# does circuit for 50amp welder need neutral



## wiggs (Apr 12, 2006)

I am running a circuit for a 50 amp welder.I went the extra mile and purchased copper.Unknowing I just assumed I needed a three wire,until I looked at the plug to the welder.I found the matching receptical which only has two vertical slots and one round,with one of the verticals being larger.It looks just like a standard single receptical.None of the slots are on any kind of angle they are straight up and down.The receptical is just larger,and with one of the slots bigger than the other.Does this receptical need a neutral or just two hots and a ground?I ran a #6-3 copper wire.Should I just use the red and black for hots and ignore the neutral(white wire)?MY question is does a 50 amp welder need a neutral?


----------



## jwhite (Mar 12, 2006)

A 50 amp welder, or any other large appliance for that matter, may or may not need a neutral. You need to check the mfg spces.

I would suspect from what you posted about the cord cap that this one does not, but I can't tell for my self from here.

There should be a NEMA configuration on the cord cap. If you post that I can look it up for you.
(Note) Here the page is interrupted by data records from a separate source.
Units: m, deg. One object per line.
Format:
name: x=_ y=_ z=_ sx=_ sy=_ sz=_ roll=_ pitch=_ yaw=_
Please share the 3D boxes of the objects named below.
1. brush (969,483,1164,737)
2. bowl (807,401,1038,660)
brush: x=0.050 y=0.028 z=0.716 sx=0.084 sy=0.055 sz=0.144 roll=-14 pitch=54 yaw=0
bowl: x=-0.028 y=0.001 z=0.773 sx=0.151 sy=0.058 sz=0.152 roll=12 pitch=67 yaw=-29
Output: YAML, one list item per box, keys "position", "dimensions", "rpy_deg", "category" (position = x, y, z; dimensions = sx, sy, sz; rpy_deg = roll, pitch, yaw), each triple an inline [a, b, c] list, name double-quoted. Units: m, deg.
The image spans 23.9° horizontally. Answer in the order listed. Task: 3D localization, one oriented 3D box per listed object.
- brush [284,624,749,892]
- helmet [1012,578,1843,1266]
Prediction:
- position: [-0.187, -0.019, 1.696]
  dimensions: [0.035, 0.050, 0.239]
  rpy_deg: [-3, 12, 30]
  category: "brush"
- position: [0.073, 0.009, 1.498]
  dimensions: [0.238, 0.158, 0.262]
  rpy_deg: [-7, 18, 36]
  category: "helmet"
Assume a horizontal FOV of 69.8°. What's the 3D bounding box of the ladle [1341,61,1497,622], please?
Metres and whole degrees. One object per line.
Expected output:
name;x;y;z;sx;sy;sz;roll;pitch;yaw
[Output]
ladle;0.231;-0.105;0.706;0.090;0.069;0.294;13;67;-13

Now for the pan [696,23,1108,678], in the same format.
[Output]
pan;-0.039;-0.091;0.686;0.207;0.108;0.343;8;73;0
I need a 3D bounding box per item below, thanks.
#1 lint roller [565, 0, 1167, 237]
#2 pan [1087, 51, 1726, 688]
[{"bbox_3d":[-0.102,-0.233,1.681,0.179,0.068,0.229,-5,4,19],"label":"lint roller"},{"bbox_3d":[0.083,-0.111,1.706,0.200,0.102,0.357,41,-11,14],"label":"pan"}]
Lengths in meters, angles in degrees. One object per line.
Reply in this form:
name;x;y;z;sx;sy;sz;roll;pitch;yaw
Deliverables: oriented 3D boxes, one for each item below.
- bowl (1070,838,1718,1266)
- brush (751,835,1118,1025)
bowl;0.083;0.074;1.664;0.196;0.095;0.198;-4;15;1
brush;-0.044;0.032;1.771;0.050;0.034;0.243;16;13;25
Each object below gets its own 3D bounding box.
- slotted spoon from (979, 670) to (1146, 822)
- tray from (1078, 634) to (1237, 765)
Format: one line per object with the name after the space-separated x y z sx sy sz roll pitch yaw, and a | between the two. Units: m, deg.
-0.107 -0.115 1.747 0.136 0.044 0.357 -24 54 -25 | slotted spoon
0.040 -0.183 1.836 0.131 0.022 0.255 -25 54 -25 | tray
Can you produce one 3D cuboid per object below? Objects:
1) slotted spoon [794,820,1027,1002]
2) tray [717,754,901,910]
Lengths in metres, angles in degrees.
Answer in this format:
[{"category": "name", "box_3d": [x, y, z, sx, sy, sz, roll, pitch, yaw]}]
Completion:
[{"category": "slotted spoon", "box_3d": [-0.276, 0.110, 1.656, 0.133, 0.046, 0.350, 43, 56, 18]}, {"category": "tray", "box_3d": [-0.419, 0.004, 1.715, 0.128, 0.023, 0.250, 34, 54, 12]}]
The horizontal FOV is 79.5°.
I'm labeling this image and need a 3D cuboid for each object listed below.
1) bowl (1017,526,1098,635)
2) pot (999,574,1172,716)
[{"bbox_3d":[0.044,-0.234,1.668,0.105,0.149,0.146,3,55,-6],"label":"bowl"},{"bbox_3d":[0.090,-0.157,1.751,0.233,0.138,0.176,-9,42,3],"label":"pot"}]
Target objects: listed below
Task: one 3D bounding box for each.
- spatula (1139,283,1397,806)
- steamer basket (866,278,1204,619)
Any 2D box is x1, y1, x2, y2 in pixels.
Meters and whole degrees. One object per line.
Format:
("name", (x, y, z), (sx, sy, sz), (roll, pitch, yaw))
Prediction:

Reads like what you have is a NEMA 6-50 R That would be 50 amp 240V single phase with ground and no neutral.


----------



## Speedy Petey (Feb 1, 2004)

Exactly, you have a typical 50 amp/250v stick welder. 
Use the red, black and ground, and cap off the white on both ends.


----------



## wiggs (Apr 12, 2006)

I forgot to mention it was a arc/stick welder.I have already bought the receptical,and on the box it mentions NEMA-6-50R/EEMAC 6-50R and 50A-250V 2 pole,3- wire grounding AL- CU. Does the al-cu mean copper or aluminum? Thanks for the replies.


----------



## jwhite (Mar 12, 2006)

yes the cu/al means either copper or aluminum wire can be used on that device.

so speedy is right just cap the white wire at both ends.


----------